Девушка из плоти и крови, из теста, замешанного на здоровой наследственности и зверином инстинкте заманить в ловушку и поймать добычу покрупнее, поупитанней, исчезла. Нет-нет, я, пожалуй, немного спешу. Необходимо было ещё материализовать в пространстве несколько капель краски, которые под улюлюканье и хохот слуг преисподней упали с кисти на холст. Именно тот самый момент, когда на холсте были обозначены привычные к мужским ласкам нежные розовые соски ходовой бабёнки, можно считать началом светлого будущего. Не такого уж и светлого, впрочем. Будущего, в котором закончилась судьба земной гризетки Викторин и началась судьба великолепной, торжествующей и отвратительной «Олимпии», идеальной богини нового витка человеческой цивилизации, нового, гораздо более искреннего, естественного и циничного мира идеальной мещанской морали, зарождающейся эпохи торжества лавочников, где всё продаётся — товары, мечты, совесть, любовь; эпохи, которая могучей поступью шагает из столетия в столетие, которая и в двадцать первом веке задаёт тон нашей жизни. Хотя, конечно, сейчас появились уже богини, вернее — антибогини, и покруче гризетки Викторин.

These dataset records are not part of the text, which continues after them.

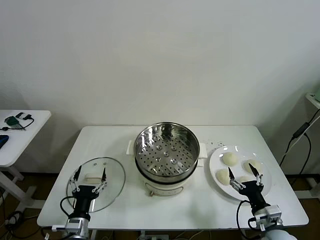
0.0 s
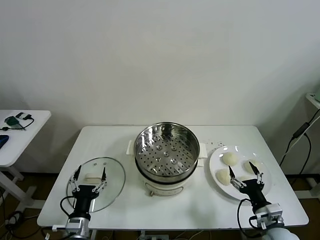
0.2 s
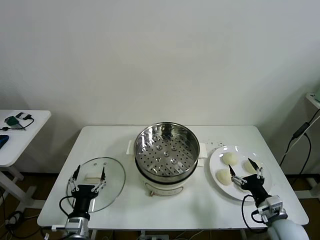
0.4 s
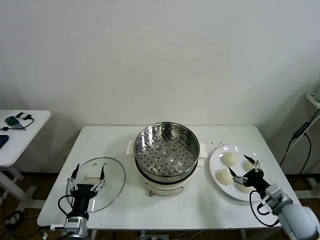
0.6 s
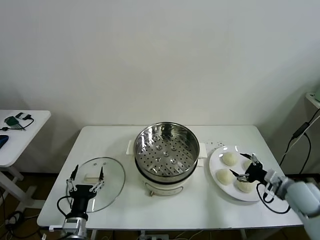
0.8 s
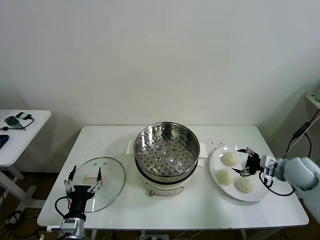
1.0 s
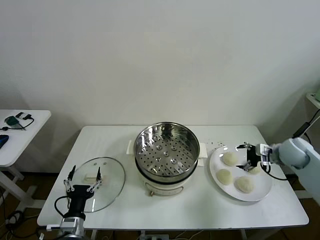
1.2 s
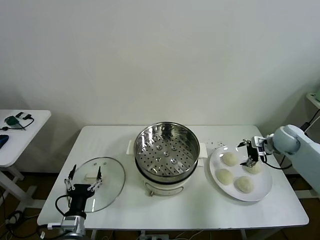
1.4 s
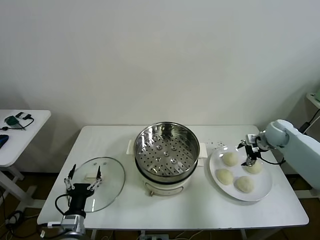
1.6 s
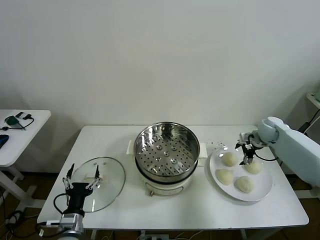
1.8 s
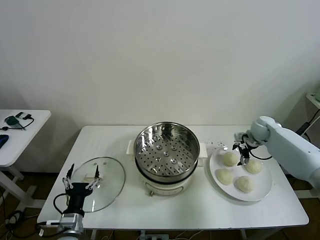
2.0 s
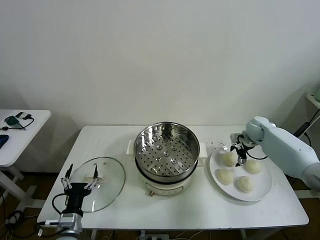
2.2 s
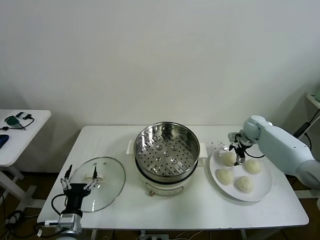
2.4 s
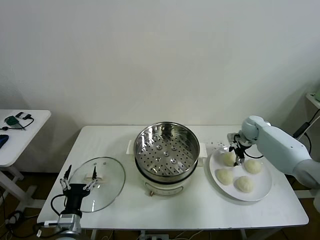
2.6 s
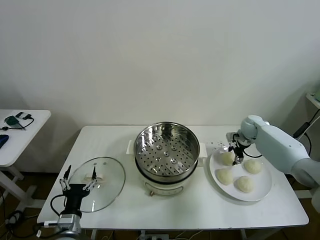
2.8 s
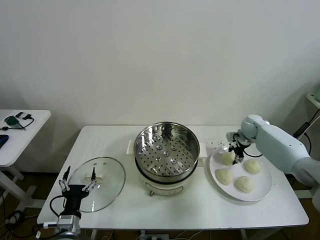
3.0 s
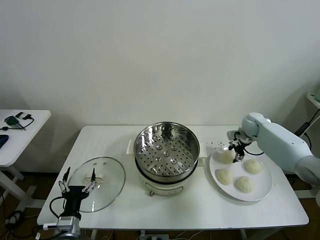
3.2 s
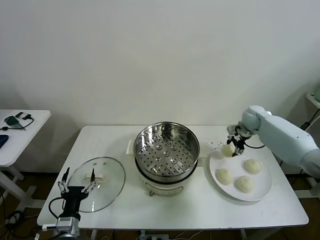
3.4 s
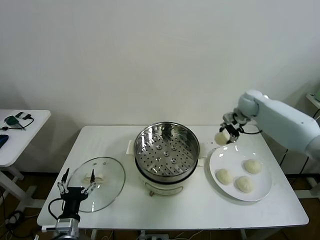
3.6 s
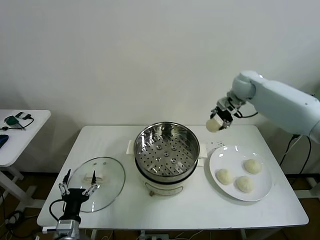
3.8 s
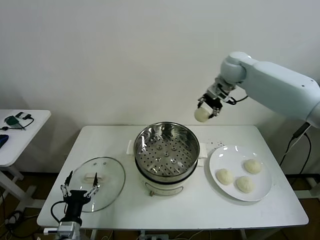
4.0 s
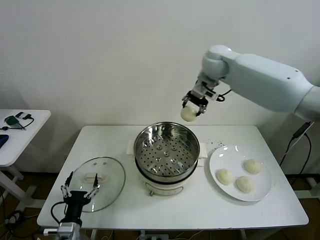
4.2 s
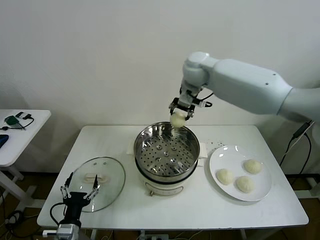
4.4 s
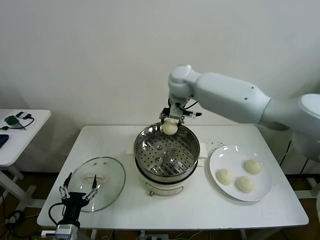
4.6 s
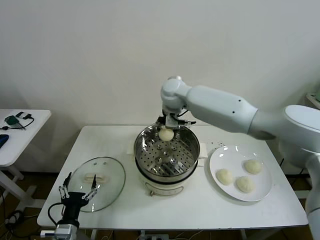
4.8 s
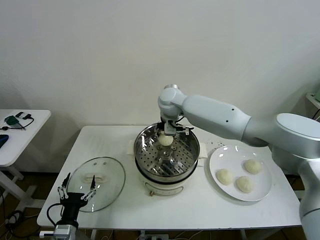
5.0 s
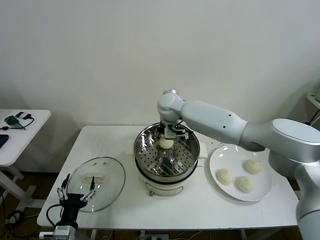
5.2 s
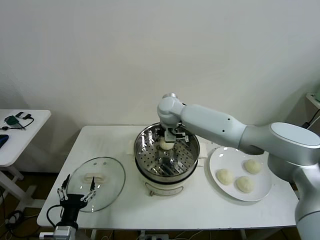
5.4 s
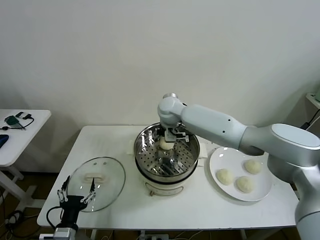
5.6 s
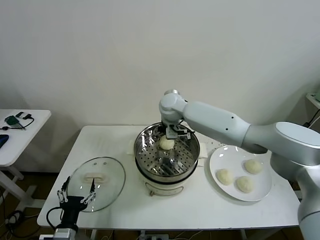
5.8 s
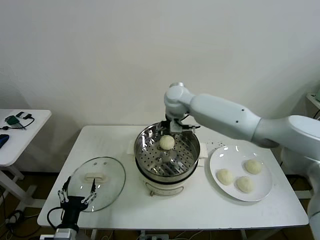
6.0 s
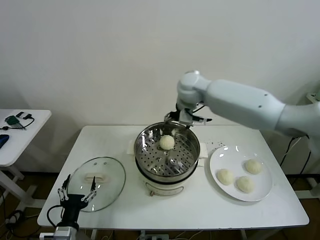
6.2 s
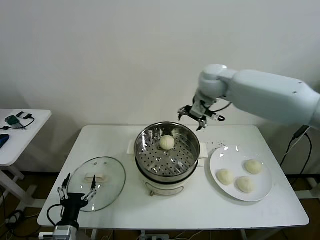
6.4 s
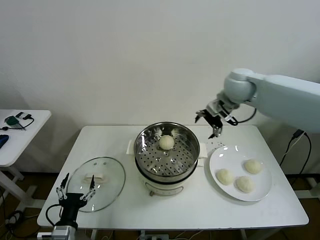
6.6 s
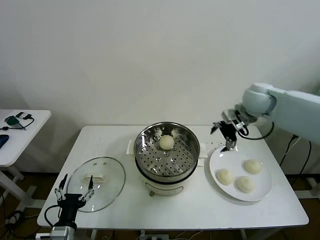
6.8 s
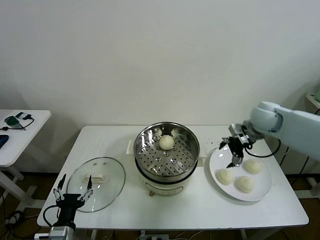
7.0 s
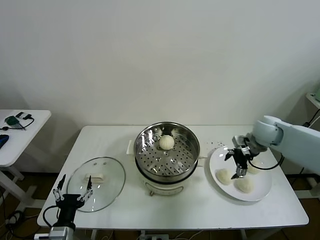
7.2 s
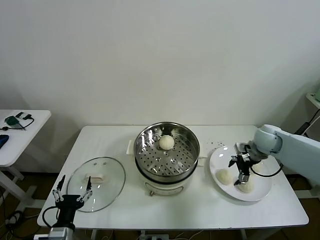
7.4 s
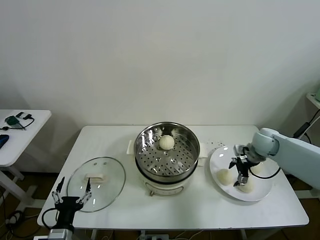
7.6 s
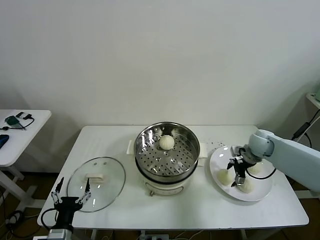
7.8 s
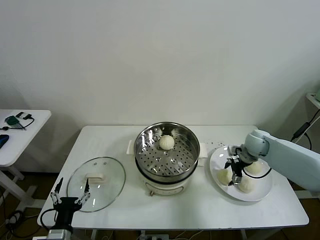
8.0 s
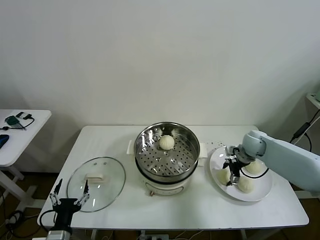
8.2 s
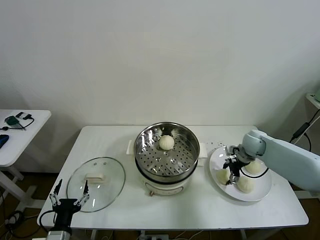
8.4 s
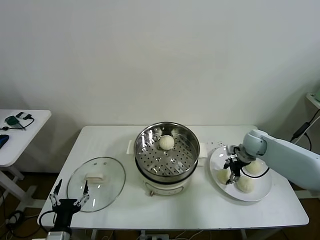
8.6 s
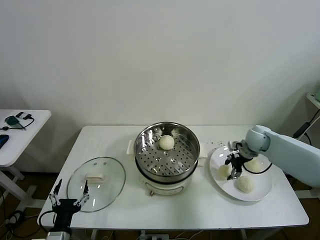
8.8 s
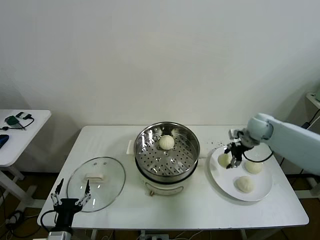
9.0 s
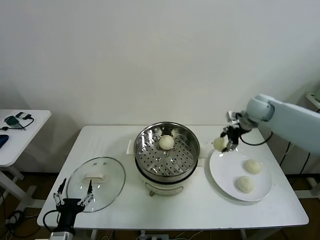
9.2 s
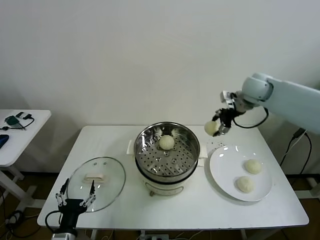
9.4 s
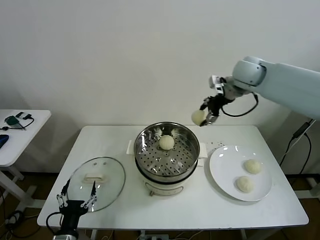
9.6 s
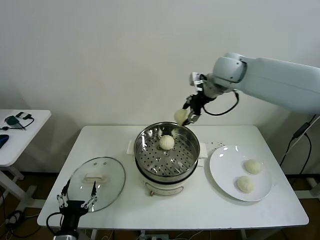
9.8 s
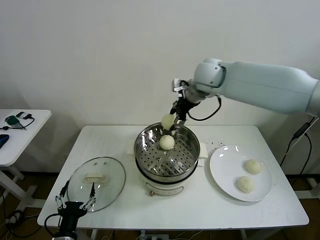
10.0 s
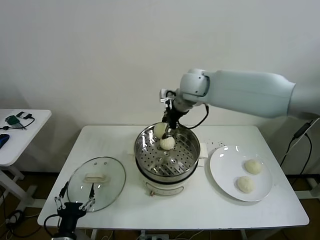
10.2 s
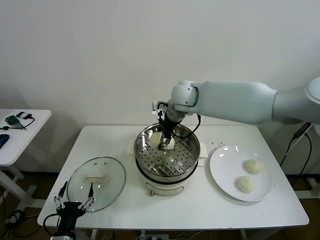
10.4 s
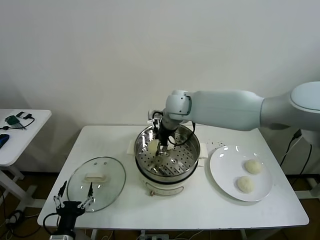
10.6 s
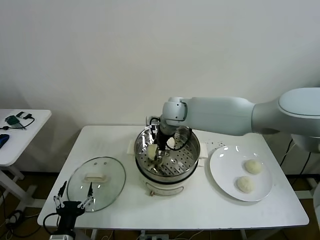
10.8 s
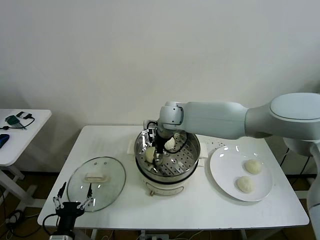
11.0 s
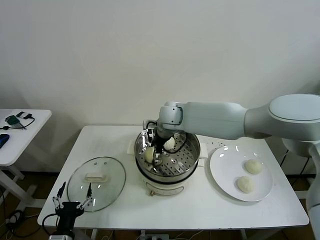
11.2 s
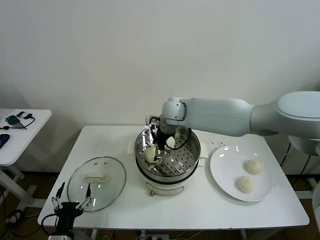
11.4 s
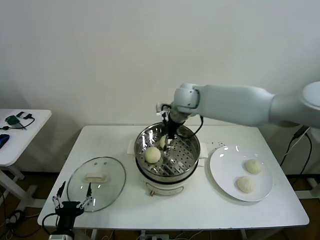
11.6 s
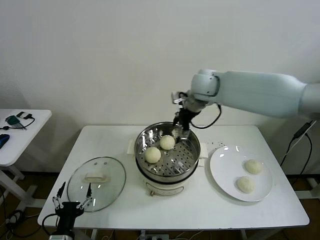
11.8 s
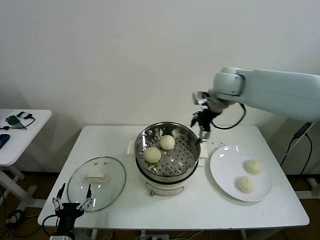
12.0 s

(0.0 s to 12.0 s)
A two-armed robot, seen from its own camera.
Task of the whole recording: take steamed baozi put them in steamer then cover it.
Step, 0.0 s - 2.8 s: Grasp the baozi in the plate with right gripper.
Step, 3.0 s - 5.4 s: Place the baozi on the steamer with right gripper.
Step, 5.6 s - 8.4 s: Grasp the baozi in the plate with right gripper.
Step, 8.6 s - 11.2 s: Place the baozi on the steamer with right gripper.
1.6 s - 3.0 s: The right gripper is displaced forward by approximately 5 cm, and closes.
3.0 s - 4.4 s: The right gripper moves to the left and upward, some 40 cm.
4.4 s - 6.0 s: The right gripper travels downward by roughly 5 cm, and opens its fingers.
6.0 s - 7.6 s: The right gripper travels to the right and downward by some 35 cm.
7.6 s - 9.0 s: The right gripper shifts roughly 5 cm upward, and closes up.
9.0 s - 10.4 s: The right gripper shifts roughly 30 cm to the left.
10.4 s - 12.0 s: The right gripper moves to the right, roughly 15 cm, and opens its fingers.

«Никогда и никому ещё не приходилось видеть что-либо, более циничное, чем эта „Олимпия“, — негодовала критика. — Это — самка гориллы, сделанная из каучука и изображённая совершенно голой, на кровати. Её руку как будто сводит непристойная судорога… Серьёзно говоря, молодым женщинам в ожидании ребёнка, а также девушкам я бы советовал избегать подобных впечатлений».
Но мы с вами обратимся к истории не Олимпии, а Викторин, обычной девушки из народа. У неё ведь было много достоинств — чем-то всё-таки она сумела заинтересовать будущих гениев французской живописи. И, как у всякого живого человека, проблем у неё тоже хватало.